The major GIS players we identified were:

• Boise Cascade
• Bonneville Power Authority&127;
• Confederated Tribes of the Umatilla
• EMAP/Forest Health Monitoring (FHM)
• GAP Biodiversity Program
• National Forests
• Oregon Department of Fish and Wildlife
• Oregon Water Resources Department
• Pacific Meridian
• State GIS Center

At this time, a strict comparison of existing GIS coverages and attributes with measurable parameters proposed in this study is impossible because our proposed measurable parameters are not defined well enough to conduct such an exercise. Coverages and attributes of some programs are still at the level of proposal and need further definition before adoption.

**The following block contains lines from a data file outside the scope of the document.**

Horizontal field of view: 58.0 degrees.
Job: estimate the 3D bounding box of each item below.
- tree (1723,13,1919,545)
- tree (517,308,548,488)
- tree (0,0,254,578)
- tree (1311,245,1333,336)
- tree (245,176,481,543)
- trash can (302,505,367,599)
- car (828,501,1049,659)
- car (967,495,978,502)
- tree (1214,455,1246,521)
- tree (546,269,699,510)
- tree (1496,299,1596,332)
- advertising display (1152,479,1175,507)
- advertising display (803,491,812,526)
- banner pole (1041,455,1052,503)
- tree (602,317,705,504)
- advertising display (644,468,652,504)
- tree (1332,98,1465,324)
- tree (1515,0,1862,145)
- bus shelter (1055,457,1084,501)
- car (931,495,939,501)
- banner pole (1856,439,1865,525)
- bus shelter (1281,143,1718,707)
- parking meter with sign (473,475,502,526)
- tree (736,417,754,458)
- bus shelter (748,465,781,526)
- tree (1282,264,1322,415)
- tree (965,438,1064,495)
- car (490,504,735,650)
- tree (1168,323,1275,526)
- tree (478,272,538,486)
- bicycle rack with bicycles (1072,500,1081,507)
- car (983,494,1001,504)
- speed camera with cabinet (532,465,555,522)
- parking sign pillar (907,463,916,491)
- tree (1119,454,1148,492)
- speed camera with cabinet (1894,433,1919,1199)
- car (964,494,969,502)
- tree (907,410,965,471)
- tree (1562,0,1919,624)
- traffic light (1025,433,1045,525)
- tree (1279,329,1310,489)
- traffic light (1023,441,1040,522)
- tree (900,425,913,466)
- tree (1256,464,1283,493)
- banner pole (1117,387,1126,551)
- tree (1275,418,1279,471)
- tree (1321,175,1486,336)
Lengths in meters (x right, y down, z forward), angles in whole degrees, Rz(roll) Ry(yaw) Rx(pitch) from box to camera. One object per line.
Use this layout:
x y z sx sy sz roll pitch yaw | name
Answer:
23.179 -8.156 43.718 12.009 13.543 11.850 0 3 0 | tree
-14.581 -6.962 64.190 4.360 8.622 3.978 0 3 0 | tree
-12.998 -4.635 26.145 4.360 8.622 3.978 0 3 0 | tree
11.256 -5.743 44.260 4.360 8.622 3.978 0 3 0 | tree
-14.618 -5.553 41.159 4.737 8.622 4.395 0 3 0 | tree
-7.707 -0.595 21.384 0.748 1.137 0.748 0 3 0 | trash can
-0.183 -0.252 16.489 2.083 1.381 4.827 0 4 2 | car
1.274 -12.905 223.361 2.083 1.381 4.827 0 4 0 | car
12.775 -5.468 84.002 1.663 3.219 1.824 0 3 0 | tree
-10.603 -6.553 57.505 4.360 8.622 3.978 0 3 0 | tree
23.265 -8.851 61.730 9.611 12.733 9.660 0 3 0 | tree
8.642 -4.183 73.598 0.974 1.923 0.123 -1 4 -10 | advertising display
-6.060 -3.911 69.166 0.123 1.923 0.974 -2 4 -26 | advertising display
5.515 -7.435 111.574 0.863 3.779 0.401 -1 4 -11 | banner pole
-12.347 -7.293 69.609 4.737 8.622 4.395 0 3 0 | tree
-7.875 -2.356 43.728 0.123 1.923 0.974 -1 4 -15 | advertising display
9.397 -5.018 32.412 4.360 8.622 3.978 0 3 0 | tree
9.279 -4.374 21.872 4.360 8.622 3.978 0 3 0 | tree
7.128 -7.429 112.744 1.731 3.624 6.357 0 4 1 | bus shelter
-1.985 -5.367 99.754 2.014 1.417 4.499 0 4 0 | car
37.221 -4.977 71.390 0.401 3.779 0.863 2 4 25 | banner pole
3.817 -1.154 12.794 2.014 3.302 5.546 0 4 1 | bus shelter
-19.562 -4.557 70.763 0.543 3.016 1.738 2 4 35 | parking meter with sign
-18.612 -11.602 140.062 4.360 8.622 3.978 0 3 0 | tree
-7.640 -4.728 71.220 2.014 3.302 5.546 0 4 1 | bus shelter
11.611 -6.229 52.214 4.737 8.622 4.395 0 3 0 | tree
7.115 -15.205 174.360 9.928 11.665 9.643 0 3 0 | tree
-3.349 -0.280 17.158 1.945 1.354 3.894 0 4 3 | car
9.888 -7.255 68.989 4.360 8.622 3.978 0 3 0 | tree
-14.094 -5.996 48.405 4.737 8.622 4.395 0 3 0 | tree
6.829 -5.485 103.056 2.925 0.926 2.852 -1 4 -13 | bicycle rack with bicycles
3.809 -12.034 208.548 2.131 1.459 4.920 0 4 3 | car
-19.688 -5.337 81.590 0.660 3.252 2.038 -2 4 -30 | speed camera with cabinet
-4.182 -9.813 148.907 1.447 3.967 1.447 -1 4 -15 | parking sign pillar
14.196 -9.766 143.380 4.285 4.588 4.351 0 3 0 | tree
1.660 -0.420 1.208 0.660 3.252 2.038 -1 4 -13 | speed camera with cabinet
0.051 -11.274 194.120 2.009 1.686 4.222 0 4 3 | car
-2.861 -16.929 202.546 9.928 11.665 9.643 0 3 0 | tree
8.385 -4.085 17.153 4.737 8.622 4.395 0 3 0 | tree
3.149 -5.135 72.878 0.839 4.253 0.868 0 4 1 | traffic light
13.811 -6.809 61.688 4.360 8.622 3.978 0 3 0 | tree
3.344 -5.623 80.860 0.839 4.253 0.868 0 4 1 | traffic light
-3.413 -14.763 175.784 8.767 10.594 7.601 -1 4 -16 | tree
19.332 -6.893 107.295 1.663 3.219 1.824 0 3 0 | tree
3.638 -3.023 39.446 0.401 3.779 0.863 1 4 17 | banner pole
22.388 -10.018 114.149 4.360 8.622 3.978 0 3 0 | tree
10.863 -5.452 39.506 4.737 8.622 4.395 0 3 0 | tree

Reviewing available databases against the proposed measurable parameters offered the following insights:

• A number of agencies have experience in GIS, monitoring and research. These agencies have experience and data that could be incorporated into a BMNR1 GIS/Monitoring program.
• Currently, gaps in data collection can be classified in terms of geographic coverage, scale, resource element, and frequency of sampling.
• EMAP-Forests/FHM offers an excellent model for sampling.
• Entry points into GIS could be made with partnerships with BPA and the GAP Biodiversity Program. Products to demonstrate the potential of using GIS to make landscape/ecosystem-level management decisions could be created now, prior to initiating a complex monitoring scheme.
• The State GIS Center in Salem is establishing distributive network capabilities and GIS archives that could be used by BMNRI.
• Incorporating human benefits into a monitoring framework will be challenging because what to monitor and how to interpret these data is not as clear as in the physical and life sciences.
• Satellite imagery provides a synthesis of many parameters integrated over broad landscapes. This could be very useful for trend detection.
• Shared data across ownership boundaries will require a new level of cooperation between public and private landowners.
• There are several critical issues regarding data accessibility and proprietary rights that may limit capabilities for data sharing.

Findings of this study suggest more planning is required prior to implementing a GIS/monitoring program for the Blue Mountain region. The issues that need addressing can be categorized into three groups: Technology, Science/Data, and Policy. Responsibilities of the Technology Group would be to design a system of hardware, software, and networks. The Science/Data Group should focus on links among research, management, and restoration; data priorities; data collection and standards; and sampling strategies. The Policy Group should address issues of administrative structure; interagency cooperation; privacy; and data accessibility. We estimate pre-implementation planning to take between 12 and 18 months and will require a coordinator.

Beginning the GIS/monitoring in a trial region of the Blue Mountains may be a valuable exercise for testing all aspects of implementation. The area selected for field testing should include several public and private ownerships to represent the myriad of challenges that will be faced across the entire region.

Information is lacking on values, attitudes and expectations. This is the greatest data gap in this project. Applying data on human benefits to natural resource management is poorly developed compared to the application of data from the physical and life sciences. This suggests that incorporating some of the proposed measurable parameters into a monitoring system will lag behind others. As the monitoring plan develops, managers should realize that human dimensions of resource management will be added.

The question of how data will be used to make landscape-level management decisions is a significant issue. Using new technologies and paradigms in resource management may require new administrative approaches.

We conclude that using GIS to monitor forest and rangeland health in the Blue Mountains is indeed feasible. Existing GIS programs within other agencies offer the potential for mutually beneficial partnerships. BMNRI cooperators, other state, and federal agencies all appear willing to cooperate with this effort. Instituting a program that can lead to ecosystem-level management across ownership boundaries offers exciting new challenges for everyone.